Sat Nov 20 06:48:14 PST 2010

On Nov. 19 2010 at 18:37, Mark Watson wrote :

>> The error margin may be quite high, especially when using VBR encoding and not equally-time-spaced keyframes, don't you think?
> 
> Yes, the error could be as big as the maximum keyframe spacing.

I think it's more linked to the variance of the keyframes spacing somehow.

>> Very interesting indeed, but aren't we up to re-invent SMIL all the way down here? ;-)
> 
> Not exactly, but it's worth discussing why we don't just use SMIL for all of this and call it a day. This was discussed in some detail in 3GPP
> last year. The feature set of SMIL and the feature set needed for adaptive streaming do intersect, but there are a few things we need for
> adaptive streaming which are not in SMIL and a LOT of things in SMIL which are not needed for adaptive streaming. 
> 
> The intersect is also rather awkward. You can use <par> to define alternatives. And <seq> to define chunks. But you end up duplicating the
> set of <par> elements in each element of the <seq>. And there is no semantic linkage between the different versions in each time period
> (nothing in SMIL implies there is any relationship between the first alternative in one time period and the first alternative in the next time
> period.) It's also not clear what to do in SMIL about the fact that the audio and video in an interleaved chunk end at slightly different times,
> and begin at slightly different times in the next chunk to compensate. An out-of-the-box SMIL player might not play that seamlessly.

Agreed.

> Yes, you can shoehorn it in, but its awkward and verbose and not at all clear that existing SMIL players would "do the right thing". Modifying
> an existing player is not likely to be any easier than a from-scratch adaptive streaming implementation, given the complexity of SMIL (and the
> comparative simplicity of adaptive streaming).
> 
> I think we should be thinking of adaptive streaming as just another stream type which appears to any presentation layer (HTML5, SMIL, whatever)
> as a simple audio/video stream with some switchable properties (like audio language, subtitles etc) and hides the complexities of adaptivity and
> switching from the presentation layer. Switching, splicing, chunking, bitrates etc. are all things that should worry us video geeks and we shouldn't
> concern the presentation design people with these things.

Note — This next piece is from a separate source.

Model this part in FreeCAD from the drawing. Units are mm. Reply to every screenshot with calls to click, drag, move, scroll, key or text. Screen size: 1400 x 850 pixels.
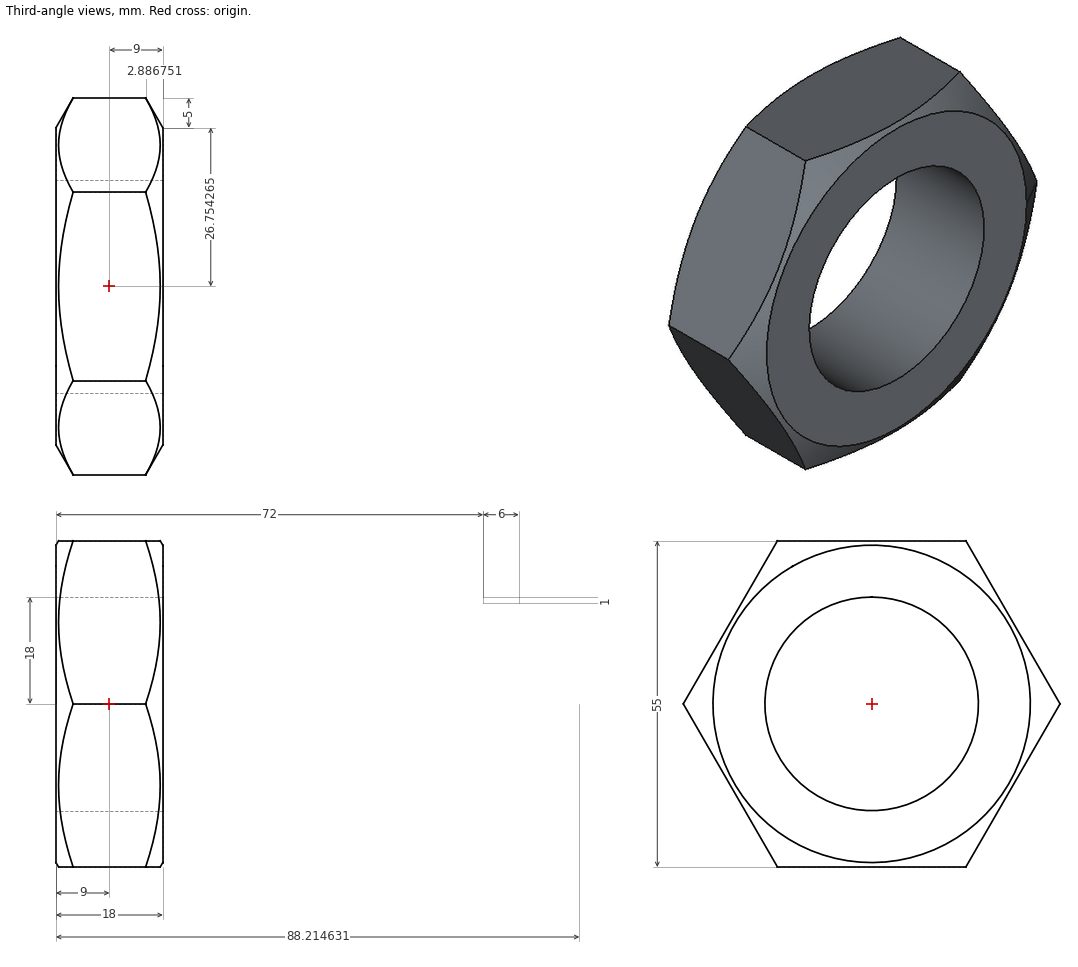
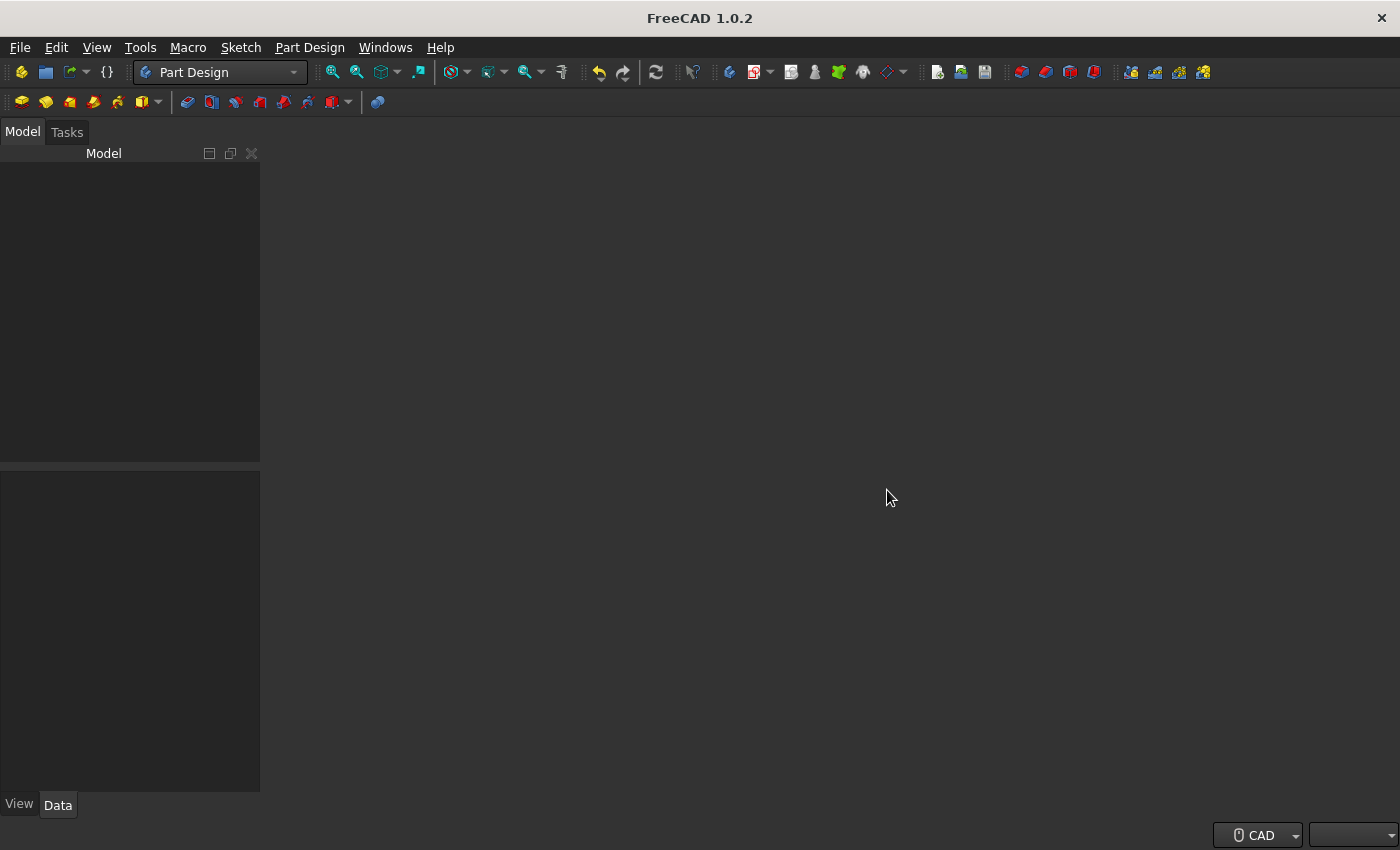
key(ctrl+n)

Probably not, but for us video geeks, also having access to the A/V pipeline may prove interesting for experimenting with bitrate switching algorithms
(the same way it's done in Flash, Silverlight, and some other platforms).

Another question that is not directly related to the discussion above: do you have public statistics on what you gained by chunking the different streams,
i.e. do you measure the impact of chunks caching within the network when distributing your content at Netflix? In other terms, what percentage of your
origin egress bandwidth (incl. your ow servers and any first-level CDN you may use) is saved by having these chunks cached at different levels of the
Internet topology?

Pierre-Yves